Researchers today are finding that the most successful organizations are those in which the organizational leader establishes a climate of “well-being” for members of the organization. This sense of well-being was described as “Eudaimonia” by the 4th century B. C. Greek philosopher Aristotle. Eudaimonia comes about as the result of human flourishing; i.e., a sense that one is performing well and living up to one’s potential by making meaningful contributions. There is a philosophical concept referred to as “natural law” that determines flourishing as opposed to

not-flourishing in the broad ontological sense; i.e. “being” as opposed to “entropy”, entropy being the degradation of matter to the point of wasting away into non-being or chaos. Healthy being or “well-being” occurs when people are habitually living in conformity with natural law. Aristotle calls good habitual modes of functioning by the term “virtues”. Christianity has a similar concept. It is, however, expressed in the negative: The opposite of living in conformity to God’s natural law is “sin”, which the soul, if awakened to perception, sees as a loathsome threat to spiritual life; i.e. the cause of “death” in the broad ontological sense of the word “death” (see Romans 7:22-25).

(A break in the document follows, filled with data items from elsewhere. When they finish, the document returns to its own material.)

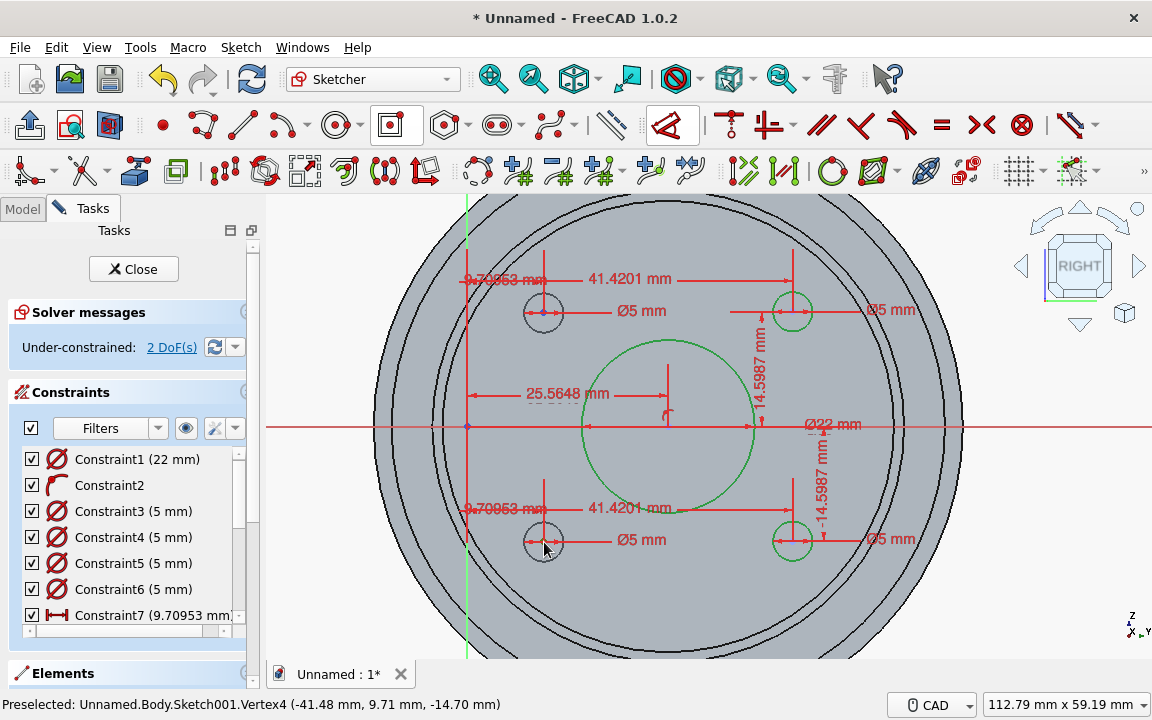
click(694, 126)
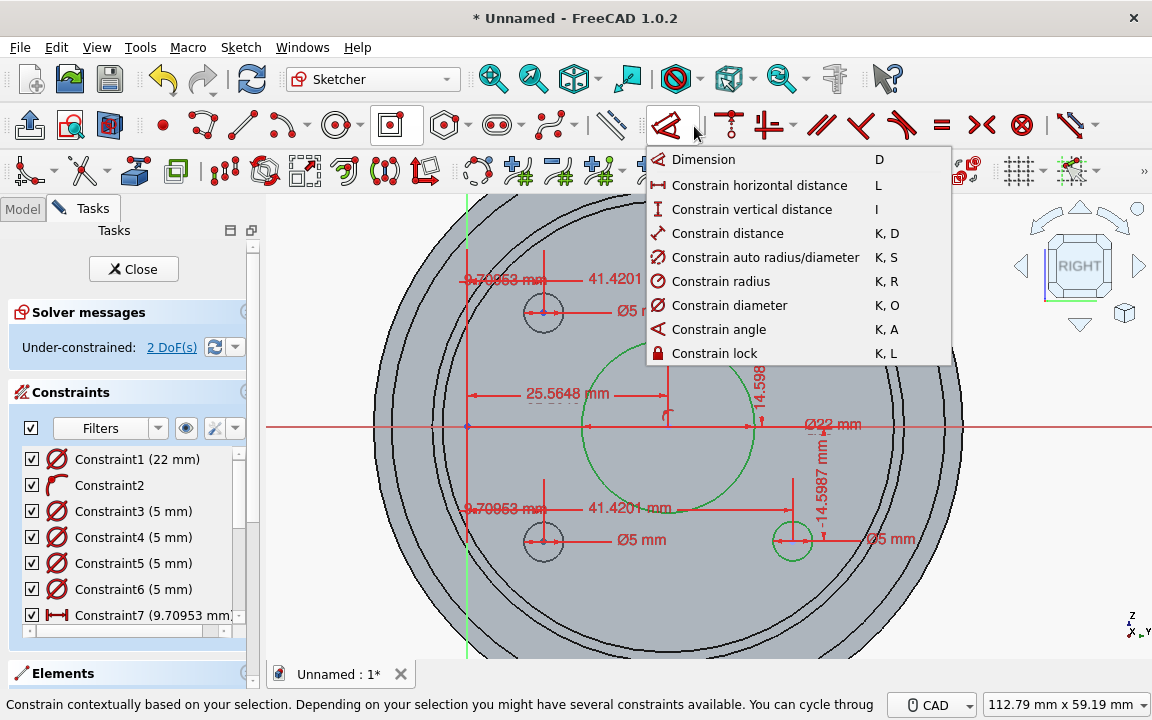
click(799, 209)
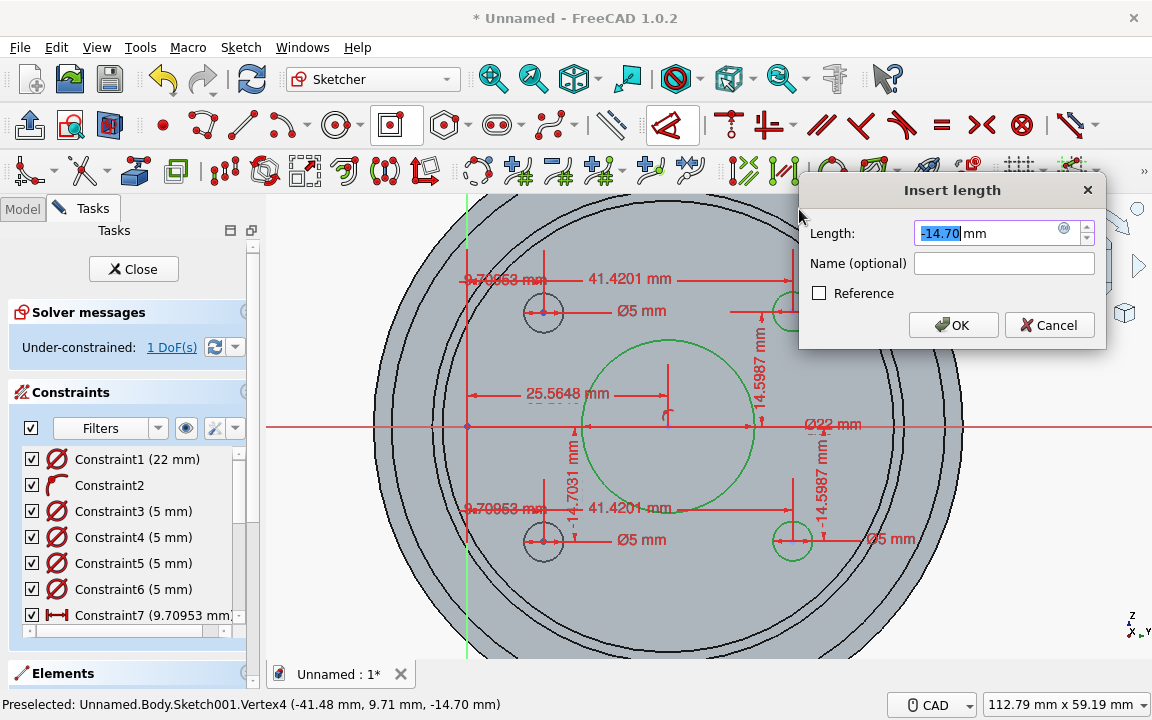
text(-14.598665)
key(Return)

If the human soul seeks happiness (in the sense of harmony with natural law) as Aristotle seems to maintain, then the things that make us most “happy” are the habits of virtuous living which are in harmony with natural law, and therefore favorable for survival (in the ontological sense). Jesus taught something similar in the section of Scripture known as “The Beatitudes”. He lists reasons for being blessed (happy), all of which suggest that obedience to the natural law of God may result in suffering in this life but will ultimately result in happiness in the next life. For example, “Blessed are you when men shall revile you, and persecute you, and shall say all manner of evil against you falsely, for my sake. Rejoice, and be exceedingly glad; for great is your reward in heaven….” (see Matthew 5:3-12). Being in harmony with natural law is the same as being in harmony with God’s law, for God created natural law by which the universe and everything in it is held together. The closer we ourselves conform to “natural law”, the closer we come to resembling Christ, the teleological end goal that God intends for humanity.

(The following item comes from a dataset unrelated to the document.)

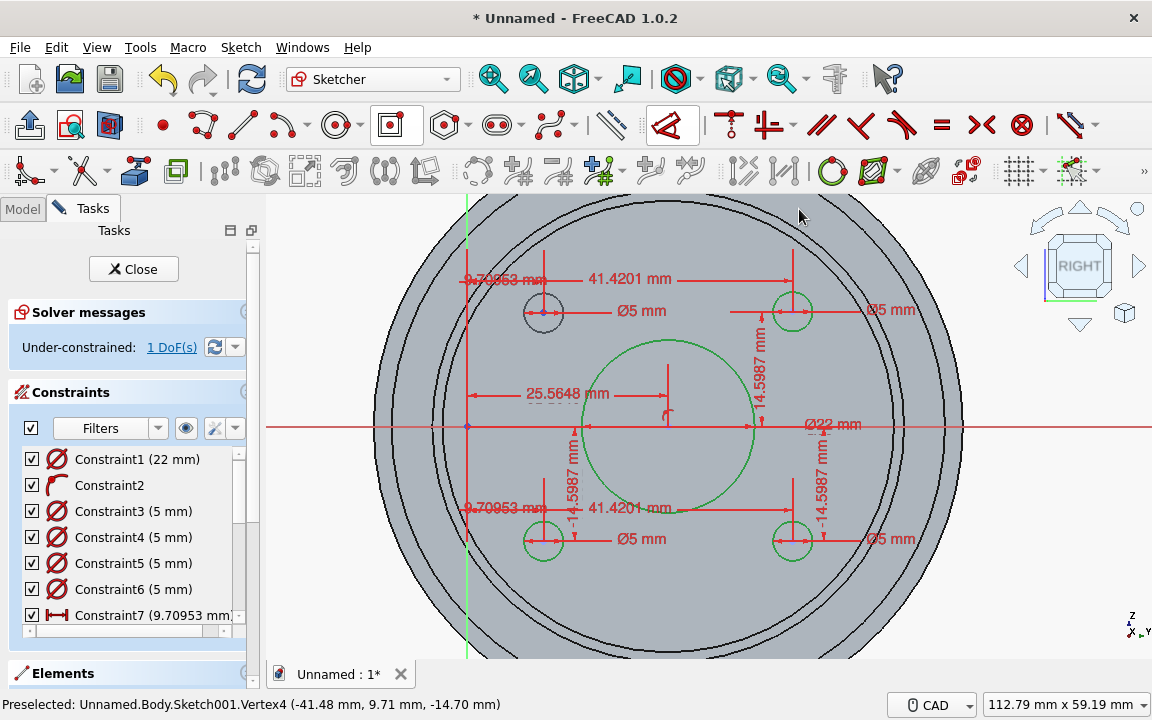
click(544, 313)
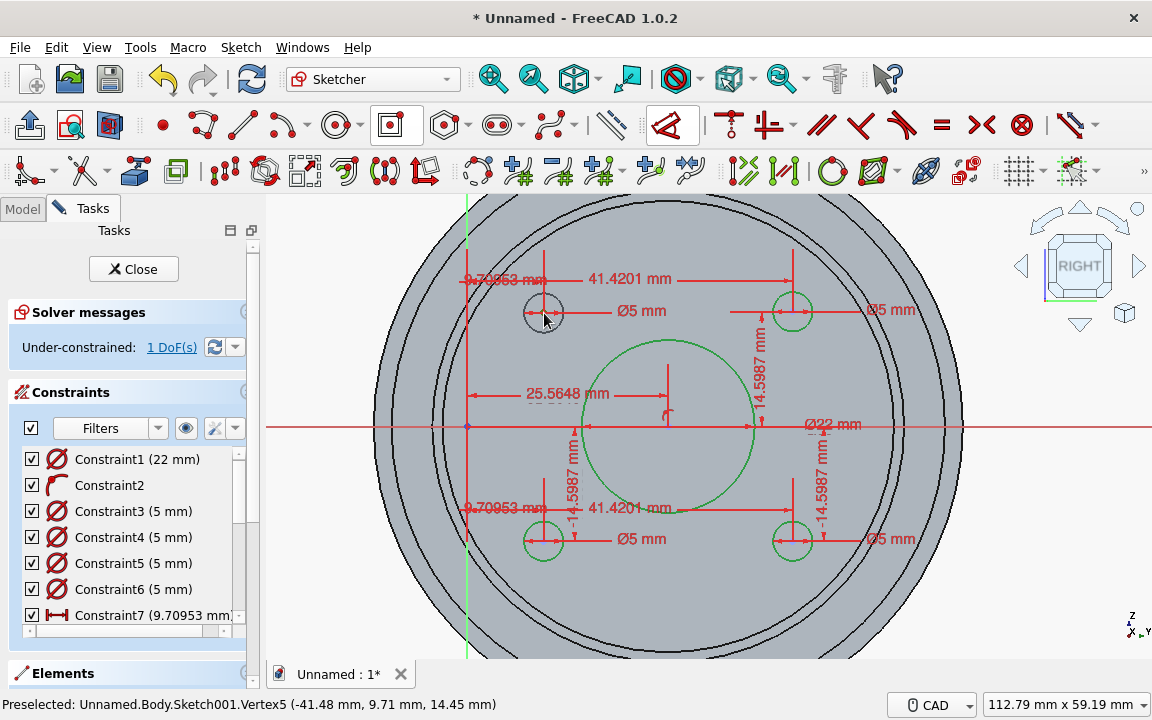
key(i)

All physical matter was created through the word of God which separated that which exists from chaos (see Genesis 1:1-26). The word of God is the natural law. That which exists must conform to the natural law if it is to continue to exist. For example, an element such plutonium has an atomic structure. So long as the atomic structure conforms to the “law”, by which it was called into being, it exists as plutonium. If you break up the internal atomic structure of plutonium, plutonium ceases to exist. It is no longer in conformity with the law by which plutonium was defined, separated by God’s word, the natural law, out of chaos. Extrapolate this into all that exists, including humanity itself. If humanity goes against the natural law which make us human; i.e., if one engage sin habitual “sin”, not conforming to the natural law by which “human” is defined to be human, or in the biblical sense is defined to be a son or daughter of God, humanity breaks down, decays, entropies, and eventually the human soul is obscured to the point of being lost.

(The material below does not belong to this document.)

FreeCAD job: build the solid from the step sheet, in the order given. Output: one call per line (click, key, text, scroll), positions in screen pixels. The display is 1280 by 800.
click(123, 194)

The concept of natural law is in harmony with both the Bible’s description of the fall of man as described in Genesis, and the redemption of man, as described in the New Testament. It is also similar to Aristotle’s concept of right and wrong, good and evil, as put forth in his Nicomachean Ethics. Now the really interesting thing is that recent secular research supports both the biblical concept of God’s law, and Aristotle’s concept of good and evil. That which is favorable to survival in the ontological sense; referred to by Aristotle as “well-being”, is the good we should be striving to reinforce in both our personal and our institution life.